Absolutely, but I'm arguing that we shouldn't change the behavior in
the first place.  At least as I understand it, even when not using
archive_mode, streaming replication, or hot standby, it's still
perfectly legal to use pg_start_backup() to take a hot backup.  I
don't see why we would either (a) break that use case or (b) create
another function that does the same thing but with one extra error
check.

...Robert

Robert Haas wrote:
> At least as I understand it, even when not using
> archive_mode, streaming replication, or hot standby, it's still
> perfectly legal to use pg_start_backup() to take a hot backup.

Nope. The correct procedure to take a hot backup is described in
http://www.postgresql.org/docs/8.4/interactive/continuous-archiving.html#BACKUP-TIPS.
It involves setting archive_mode=on, and archive_command to a shell
command that normally just returns true, except when backup is in
progress. You can't take a hot backup without archiving (or streaming)
at least temporarily. (except with filesystem-level snapshot capabilities).

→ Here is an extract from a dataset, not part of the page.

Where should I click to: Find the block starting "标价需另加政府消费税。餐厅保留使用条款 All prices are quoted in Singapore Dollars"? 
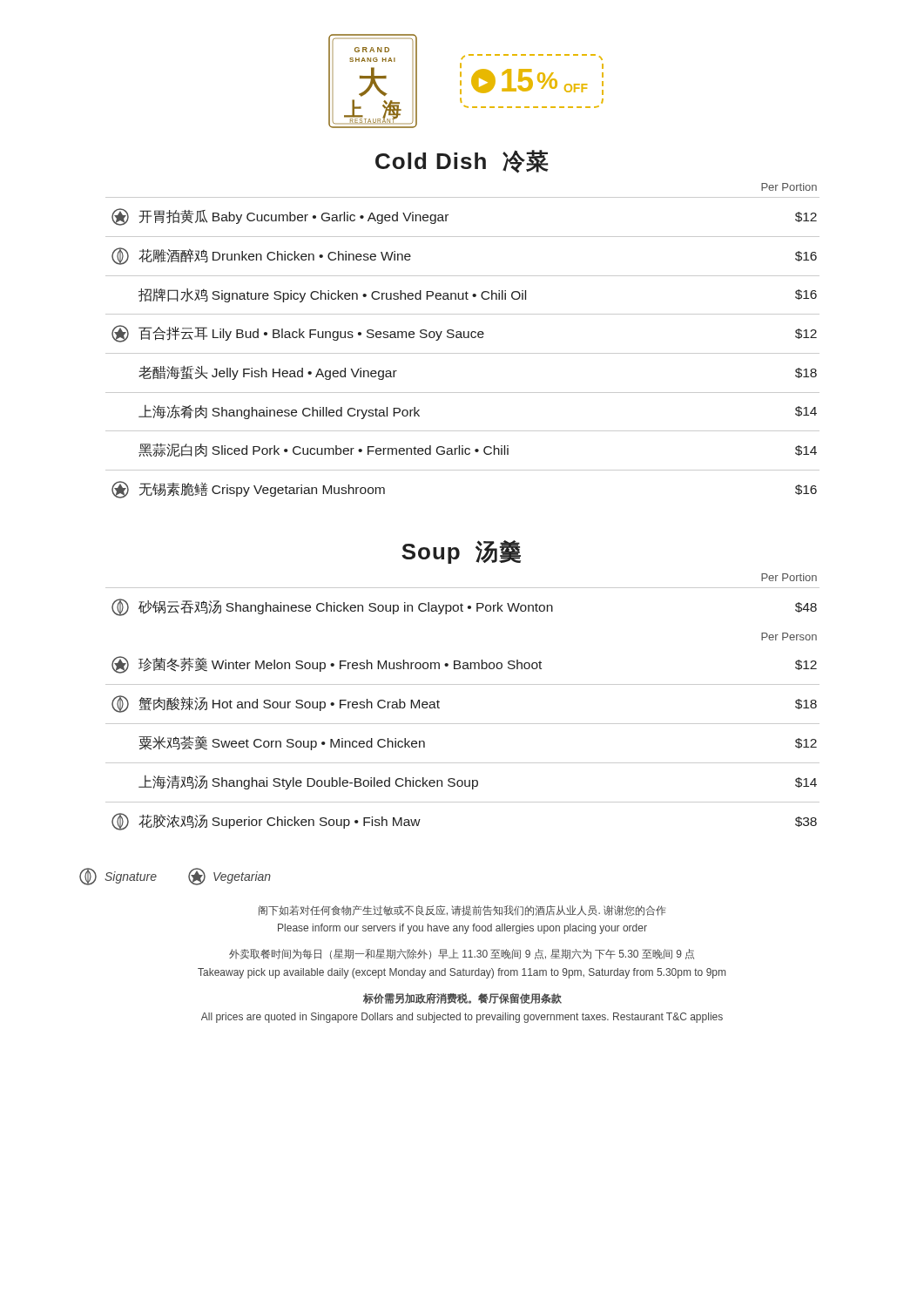(462, 1008)
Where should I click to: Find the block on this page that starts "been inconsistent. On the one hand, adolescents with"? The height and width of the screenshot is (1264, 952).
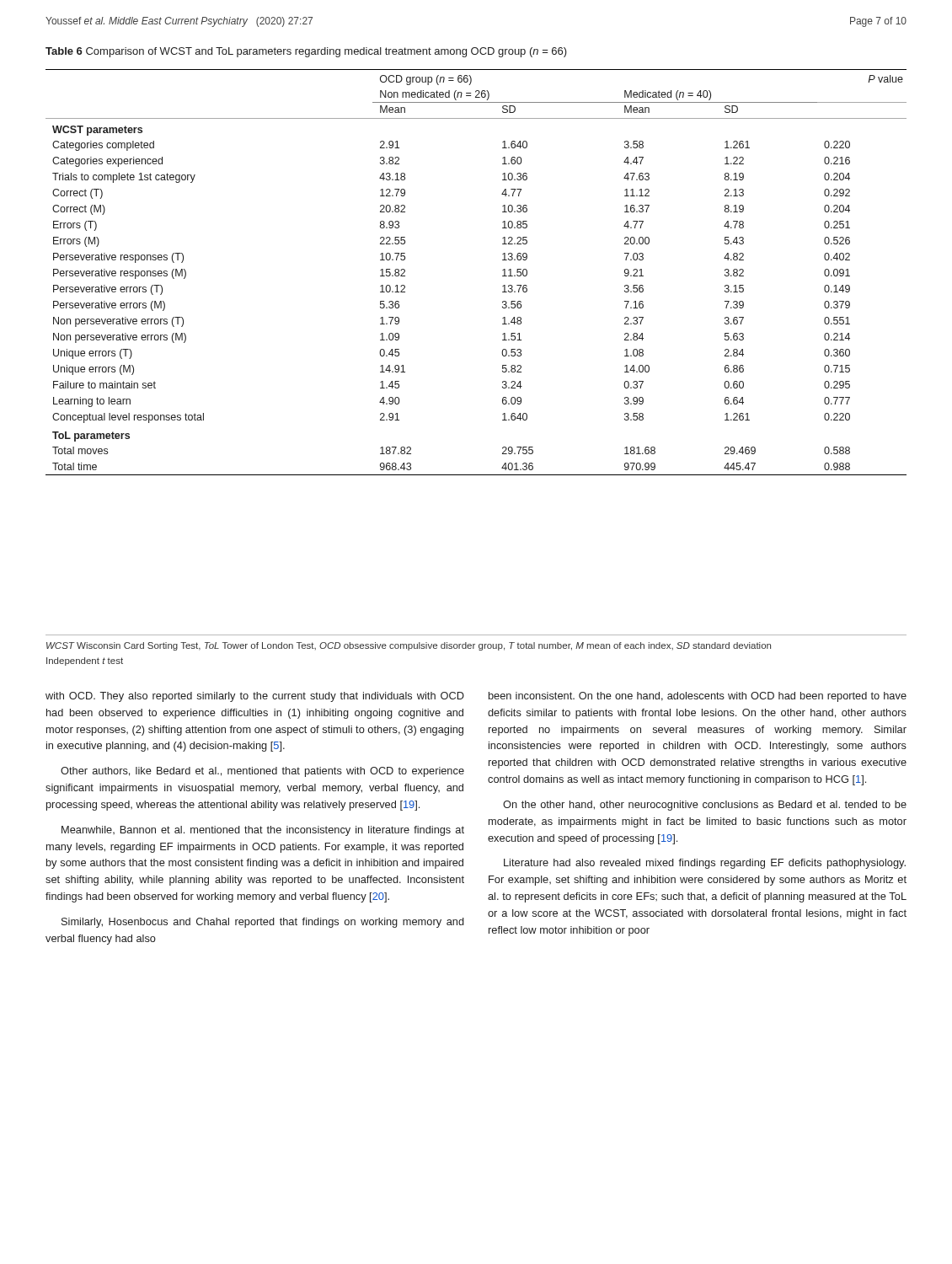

Which is unfortunate, really. I wish we had a mode where the server
simply refrained from removing/recycling WAL segments while the backup
is running. You could then just:

1. pg_start_backup()
2. tar the data directory, except for pg_xlog
3. tar pg_xlog
4. pg_stop_backup().

--  Heikki Linnakangas EnterpriseDB   http://www.enterprisedb.com

Heikki Linnakangas <heikki.linnakangas@enterprisedb.com> writes:
> Which is unfortunate, really. I wish we had a mode where the server
> simply refrained from removing/recycling WAL segments while the backup
> is running. You could then just:

> 1. pg_start_backup()
> 2. tar the data directory, except for pg_xlog
> 3. tar pg_xlog
> 4. pg_stop_backup().

I think there's a termination issue there --- the safe stop point
would (appear to be) past whatever WAL you'd copied during step 3.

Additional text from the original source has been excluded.